▶ _Exercise details_
Lines holding the word "compact" in the following material must be counted; give only the resulting number.

▶ _Provided records_

▶

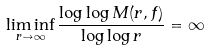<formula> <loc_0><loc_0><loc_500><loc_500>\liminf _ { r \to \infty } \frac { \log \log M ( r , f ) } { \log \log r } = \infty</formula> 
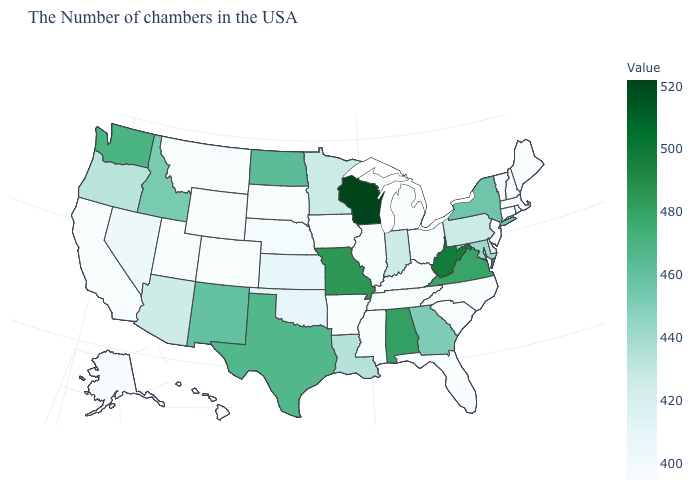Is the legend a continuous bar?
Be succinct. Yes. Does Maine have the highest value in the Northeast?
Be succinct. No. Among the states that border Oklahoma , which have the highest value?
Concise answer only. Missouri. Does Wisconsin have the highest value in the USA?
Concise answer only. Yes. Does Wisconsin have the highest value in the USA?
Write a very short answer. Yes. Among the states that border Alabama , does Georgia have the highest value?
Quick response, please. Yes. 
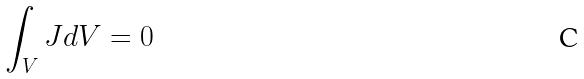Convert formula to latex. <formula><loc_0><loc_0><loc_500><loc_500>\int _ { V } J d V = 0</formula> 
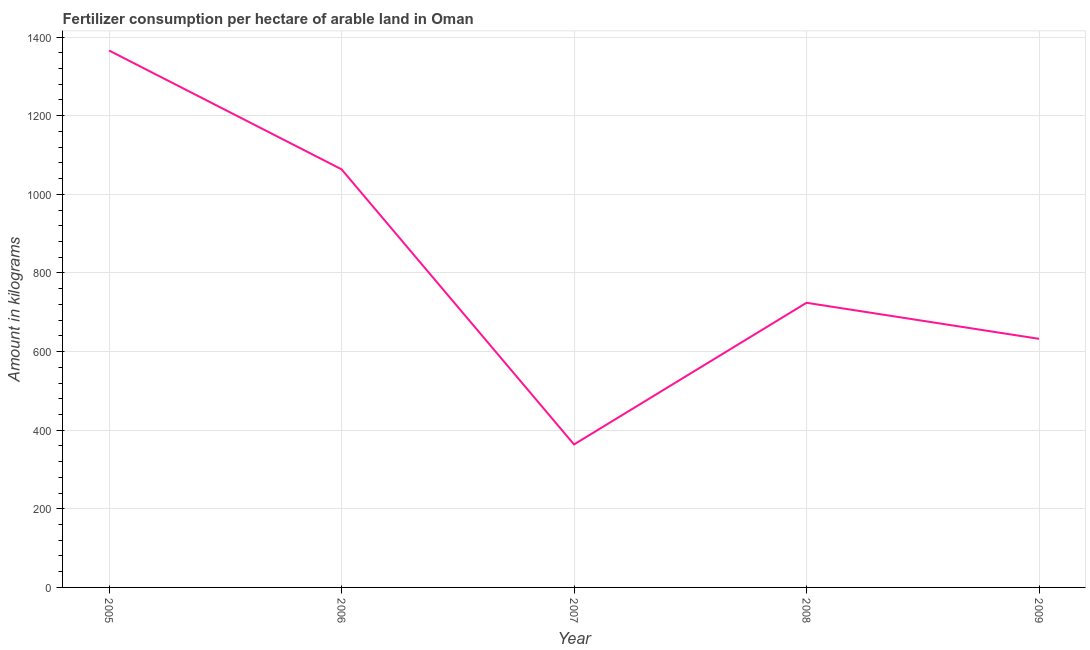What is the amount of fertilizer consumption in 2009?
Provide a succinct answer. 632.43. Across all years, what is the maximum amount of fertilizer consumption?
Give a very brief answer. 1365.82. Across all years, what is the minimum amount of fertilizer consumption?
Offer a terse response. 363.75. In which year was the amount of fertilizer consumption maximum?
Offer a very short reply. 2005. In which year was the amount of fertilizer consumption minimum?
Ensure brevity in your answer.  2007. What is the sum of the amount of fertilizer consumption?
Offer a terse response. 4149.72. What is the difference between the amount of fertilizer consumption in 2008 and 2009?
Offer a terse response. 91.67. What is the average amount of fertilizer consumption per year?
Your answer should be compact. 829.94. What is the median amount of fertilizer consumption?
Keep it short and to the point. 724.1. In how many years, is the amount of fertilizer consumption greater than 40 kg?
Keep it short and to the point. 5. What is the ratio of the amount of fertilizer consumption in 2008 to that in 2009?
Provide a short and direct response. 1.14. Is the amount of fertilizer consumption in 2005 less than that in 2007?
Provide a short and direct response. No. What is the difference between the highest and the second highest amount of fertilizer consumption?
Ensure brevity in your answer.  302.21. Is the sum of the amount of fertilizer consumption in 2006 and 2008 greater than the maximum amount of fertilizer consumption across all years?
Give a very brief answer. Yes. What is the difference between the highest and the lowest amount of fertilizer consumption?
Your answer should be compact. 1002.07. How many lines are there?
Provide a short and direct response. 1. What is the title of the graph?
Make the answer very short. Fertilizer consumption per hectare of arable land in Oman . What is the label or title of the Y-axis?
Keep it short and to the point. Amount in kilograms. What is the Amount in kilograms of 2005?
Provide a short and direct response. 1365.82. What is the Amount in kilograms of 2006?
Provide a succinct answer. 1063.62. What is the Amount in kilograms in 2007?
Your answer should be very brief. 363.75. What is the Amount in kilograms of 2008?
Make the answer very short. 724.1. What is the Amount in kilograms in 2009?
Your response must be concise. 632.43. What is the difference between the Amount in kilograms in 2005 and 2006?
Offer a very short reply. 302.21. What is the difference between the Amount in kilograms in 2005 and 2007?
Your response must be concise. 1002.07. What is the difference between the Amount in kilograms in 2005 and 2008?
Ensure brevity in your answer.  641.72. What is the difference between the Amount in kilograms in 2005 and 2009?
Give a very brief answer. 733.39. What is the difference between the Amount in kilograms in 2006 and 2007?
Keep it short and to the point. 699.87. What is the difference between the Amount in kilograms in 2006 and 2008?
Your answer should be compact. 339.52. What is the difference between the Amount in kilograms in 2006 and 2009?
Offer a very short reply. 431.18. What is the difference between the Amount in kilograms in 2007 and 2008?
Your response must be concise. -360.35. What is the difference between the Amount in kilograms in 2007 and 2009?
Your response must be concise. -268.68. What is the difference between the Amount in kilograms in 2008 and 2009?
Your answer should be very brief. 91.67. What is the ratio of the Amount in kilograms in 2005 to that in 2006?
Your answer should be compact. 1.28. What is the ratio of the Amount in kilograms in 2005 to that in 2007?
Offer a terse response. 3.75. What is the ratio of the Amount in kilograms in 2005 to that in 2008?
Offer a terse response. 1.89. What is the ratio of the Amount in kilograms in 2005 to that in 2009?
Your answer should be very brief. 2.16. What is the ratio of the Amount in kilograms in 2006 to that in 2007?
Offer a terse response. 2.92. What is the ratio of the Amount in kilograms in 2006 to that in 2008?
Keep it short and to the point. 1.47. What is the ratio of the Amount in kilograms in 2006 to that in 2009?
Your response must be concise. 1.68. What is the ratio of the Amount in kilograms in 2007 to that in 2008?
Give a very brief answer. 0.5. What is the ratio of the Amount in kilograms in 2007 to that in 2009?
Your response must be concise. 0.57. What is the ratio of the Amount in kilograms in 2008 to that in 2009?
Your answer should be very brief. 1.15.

◀

▶ _Written reply_
4